Add employee ID as a login challenge
Login challenges are extra security questions that help to prevent unwanted access to an account. As an administrator, you can add employee ID as an optional extra security question when we suspect that an unauthorized person is trying to access a user’s account.
Important: Google decides which extra security question is appropriate to present to a user based on multiple factors. This means we might not always ask users to confirm their employee ID, even if you have turned that login challenge on.
For more information on the login challenges Google use, see Verify a user’s identity with a login challenge.
Before you begin
To use an employee ID as a login challenge, you must first ensure that the user employee IDs are stored in your users' account attributes. You can do this in the following ways:
- Update the employee IDs directly in the user profile from the Google Admin console.
- Use Google Cloud Directory Sync to export employee IDs from Microsoft® Active Directory® or your directory server to your Google organizational unit.
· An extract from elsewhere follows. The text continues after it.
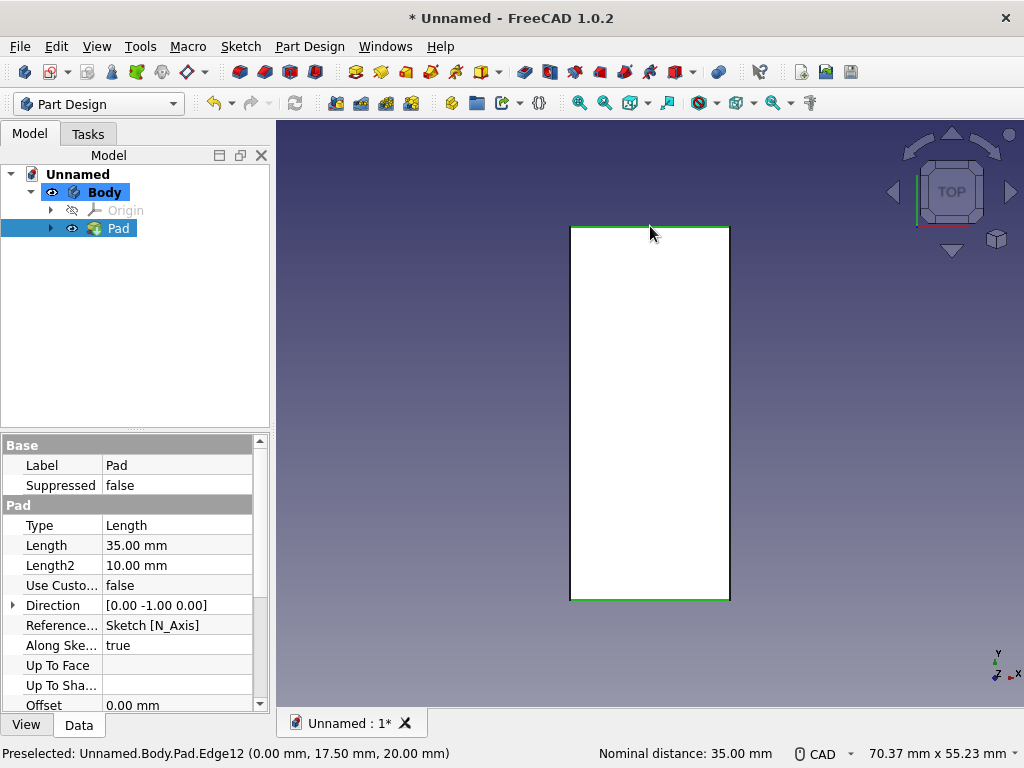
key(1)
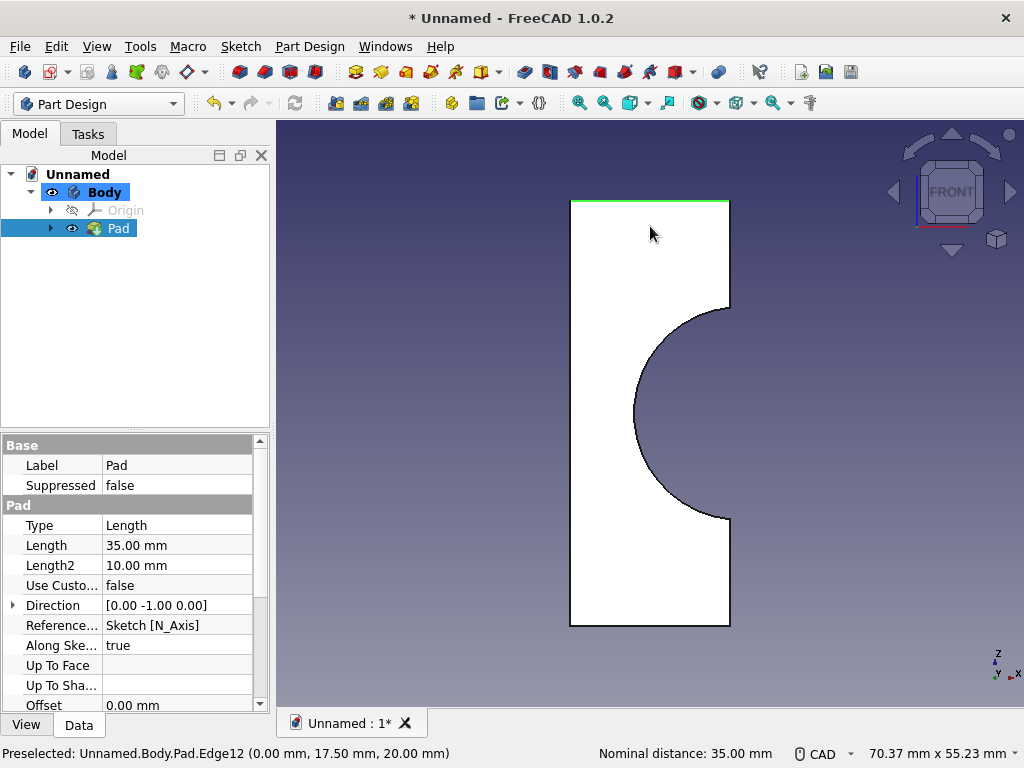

- Use the Admin SDK Directory API to populate the externalIds.type:organization field with employee IDs.
- Use the CSV upload functionality in the Google Admin console.
When you add the employee ID information to your organizational unit, let your users know where they can find their employee ID and that they might be asked for it when they sign in to their Google Account. Also let them know their employee ID must only be used in official Google sign-in pages. If they prefer to verify their identity another way, they should update their recovery phone number or email address.
Note: If you turn on SSO or 2-Step Verification for your users, the employee ID login challenge isn’t presented.
Turn the employee ID login challenge on or off
From the Admin console Home page, go to SecurityLogin challenges.
To see Security on the Home page, you might have to click More controls at the bottom.
- Select the Use employee ID to keep my users more secure box.
The default setting for the employee ID login challenge is: Off.